Deren Tatbestandsvoraussetzungen sind hier dem Grunde nach erfüllt.
3. Die Leistungsablehnung ist rechtswidrig, weil eine Lichtsignalanlage hier zum Behinderungsausgleich erforderlich ist. Dieser
in §
33 Abs
1 Satz 1
SGB V als 3. Variante genannte Zweck (vgl jetzt auch §
31 Abs
1 Nr
3 SGB IX) eines von der GKV zu leistenden Hilfsmittels hat zweierlei Bedeutung:
a) Im Vordergrund steht der Ausgleich der ausgefallenen oder beeinträchtigten Körperfunktion selbst. Bei diesem unmittelbaren
Behinderungsausgleich gilt das Gebot eines möglichst weitgehenden Ausgleichs des Funktionsdefizits, und zwar unter Berücksichtigung
des aktuellen Stands des medizinischen und technischen Fortschritts. Die gesonderte Prüfung, ob mit der vorgesehenen Verwendung
ein allgemeines Grundbedürfnis des täglichen Lebens betroffen ist, entfällt, weil sich die unmittelbar auszugleichende Funktionsbeeinträchtigung
selbst immer schon auf ein Grundbedürfnis bezieht; die Erhaltung bzw Wiederherstellung einer Körperfunktion ist als solche
ein Grundbedürfnis (vgl BSG SozR 4-2500 § 33 Nr 24 RdNr 18 ff zur Versorgung mit einer Badeprothese, die dem - von den normalen
Beinprothesen nicht gewährleisteten - sicheren Gehen und Stehen in Nassbereichen dient und deshalb unabhängig davon beansprucht
werden kann, dass das Schwimmen eine Freizeitbetätigung darstellt, die nicht zu den allgemeinen Grundbedürfnissen des täglichen
Lebens gehört).

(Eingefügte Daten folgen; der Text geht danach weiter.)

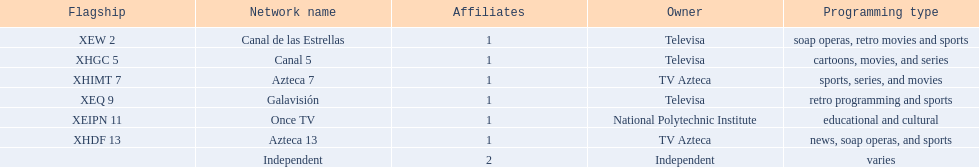Who is the only network owner listed in a consecutive order in the chart? Televisa. 
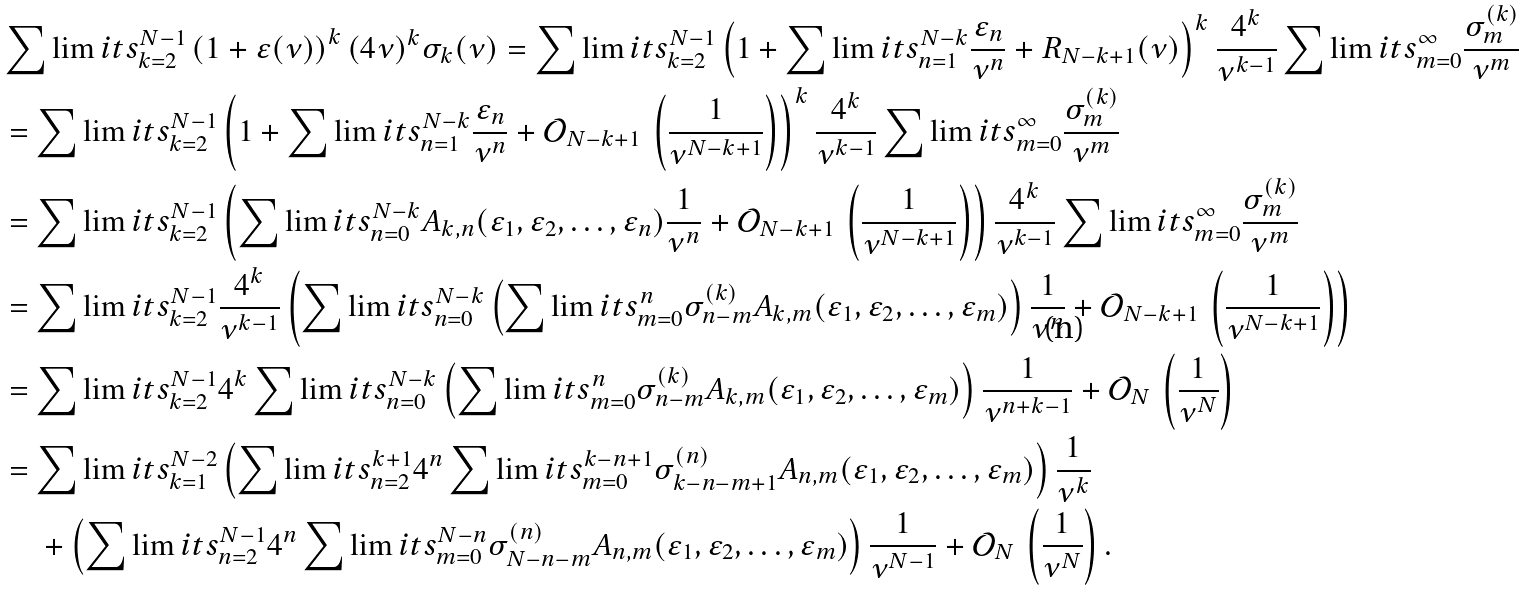Convert formula to latex. <formula><loc_0><loc_0><loc_500><loc_500>& \sum \lim i t s _ { k = 2 } ^ { N - 1 } \left ( 1 + \varepsilon ( \nu ) \right ) ^ { k } ( 4 \nu ) ^ { k } \sigma _ { k } ( \nu ) = \sum \lim i t s _ { k = 2 } ^ { N - 1 } \left ( 1 + \sum \lim i t s _ { n = 1 } ^ { N - k } \frac { \varepsilon _ { n } } { \nu ^ { n } } + R _ { N - k + 1 } ( \nu ) \right ) ^ { k } \frac { 4 ^ { k } } { \nu ^ { k - 1 } } \sum \lim i t s _ { m = 0 } ^ { \infty } \frac { \sigma _ { m } ^ { ( k ) } } { \nu ^ { m } } \\ & = \sum \lim i t s _ { k = 2 } ^ { N - 1 } \left ( 1 + \sum \lim i t s _ { n = 1 } ^ { N - k } \frac { \varepsilon _ { n } } { \nu ^ { n } } + \mathcal { O } _ { N - k + 1 } \, \left ( \frac { 1 } { \nu ^ { N - k + 1 } } \right ) \right ) ^ { k } \frac { 4 ^ { k } } { \nu ^ { k - 1 } } \sum \lim i t s _ { m = 0 } ^ { \infty } \frac { \sigma _ { m } ^ { ( k ) } } { \nu ^ { m } } \\ & = \sum \lim i t s _ { k = 2 } ^ { N - 1 } \left ( \sum \lim i t s _ { n = 0 } ^ { N - k } A _ { k , n } ( \varepsilon _ { 1 } , \varepsilon _ { 2 } , \dots , \varepsilon _ { n } ) \frac { 1 } { \nu ^ { n } } + \mathcal { O } _ { N - k + 1 } \, \left ( \frac { 1 } { \nu ^ { N - k + 1 } } \right ) \right ) \frac { 4 ^ { k } } { \nu ^ { k - 1 } } \sum \lim i t s _ { m = 0 } ^ { \infty } \frac { \sigma _ { m } ^ { ( k ) } } { \nu ^ { m } } \\ & = \sum \lim i t s _ { k = 2 } ^ { N - 1 } \frac { 4 ^ { k } } { \nu ^ { k - 1 } } \left ( \sum \lim i t s _ { n = 0 } ^ { N - k } \left ( \sum \lim i t s _ { m = 0 } ^ { n } \sigma _ { n - m } ^ { ( k ) } A _ { k , m } ( \varepsilon _ { 1 } , \varepsilon _ { 2 } , \dots , \varepsilon _ { m } ) \right ) \frac { 1 } { \nu ^ { n } } + \mathcal { O } _ { N - k + 1 } \, \left ( \frac { 1 } { \nu ^ { N - k + 1 } } \right ) \right ) \\ & = \sum \lim i t s _ { k = 2 } ^ { N - 1 } 4 ^ { k } \sum \lim i t s _ { n = 0 } ^ { N - k } \left ( \sum \lim i t s _ { m = 0 } ^ { n } \sigma _ { n - m } ^ { ( k ) } A _ { k , m } ( \varepsilon _ { 1 } , \varepsilon _ { 2 } , \dots , \varepsilon _ { m } ) \right ) \frac { 1 } { \nu ^ { n + k - 1 } } + \mathcal { O } _ { N } \, \left ( \frac { 1 } { \nu ^ { N } } \right ) \\ & = \sum \lim i t s _ { k = 1 } ^ { N - 2 } \left ( \sum \lim i t s _ { n = 2 } ^ { k + 1 } 4 ^ { n } \sum \lim i t s _ { m = 0 } ^ { k - n + 1 } \sigma _ { k - n - m + 1 } ^ { ( n ) } A _ { n , m } ( \varepsilon _ { 1 } , \varepsilon _ { 2 } , \dots , \varepsilon _ { m } ) \right ) \frac { 1 } { \nu ^ { k } } \\ & \quad \, + \left ( \sum \lim i t s _ { n = 2 } ^ { N - 1 } 4 ^ { n } \sum \lim i t s _ { m = 0 } ^ { N - n } \sigma _ { N - n - m } ^ { ( n ) } A _ { n , m } ( \varepsilon _ { 1 } , \varepsilon _ { 2 } , \dots , \varepsilon _ { m } ) \right ) \frac { 1 } { \nu ^ { N - 1 } } + \mathcal { O } _ { N } \, \left ( \frac { 1 } { \nu ^ { N } } \right ) .</formula>

Der Frage nach der Erfüllung eines allgemeinen Grundbedürfnisses des täglichen Lebens kommt beim unmittelbaren
Behinderungsausgleich erst dann Bedeutung zu, wenn es nicht um die erstmalige Behebung eines Funktionsdefizits geht und auch
nicht um die reine Ersatzbeschaffung (was bei der Versorgung mit einer Badeprothese in BSG SozR 4-2500 § 33 Nr 24 der Fall
war und von Knispel SGb 2010, 359 ff übersehen worden ist), sondern um die Versorgung eines für den Behinderungsausgleich bereits ausreichend ausgestatteten
Versicherten mit einem zweiten Hilfsmittel gleicher Art als bloße Zweitausstattung (Reservehaltung), für einen speziellen
Zweck (zB Sportbrille für Schüler, BSG SozR 2200 § 182 Nr 73) oder mit einem technisch weiter entwickelten Hilfsmittel (zB
computergestütztes statt mechanisches Kniegelenksystem). Dabei kann die Versorgung mit einem fortschrittlichen, technisch
weiterentwickelten Hilfsmittel nicht mit der Begründung abgelehnt werden, der bisher erreichte Versorgungsstandard sei ausreichend,
solange ein Ausgleich der Behinderung nicht vollständig im Sinne des Gleichziehens mit einem nicht behinderten Menschen erreicht
ist (BSGE 93, 183 = SozR 4-2500 § 33 Nr 8, RdNr 4 - C-leg-Prothese). Die Wirtschaftlichkeit eines dem unmittelbaren Behinderungsausgleich dienenden
Hilfsmittels ist grundsätzlich zu unterstellen und erst zu prüfen, wenn zwei tatsächlich gleichwertige, aber unterschiedlich
teure Hilfsmittel zur Wahl stehen.
b) Daneben können Hilfsmittel den Zweck haben, die direkten und indirekten Folgen der Behinderung auszugleichen (sog mittelbarer
Behinderungsausgleich). In diesem Rahmen ist die GKV allerdings nur für den Basisausgleich der Folgen der Behinderung eintrittspflichtig.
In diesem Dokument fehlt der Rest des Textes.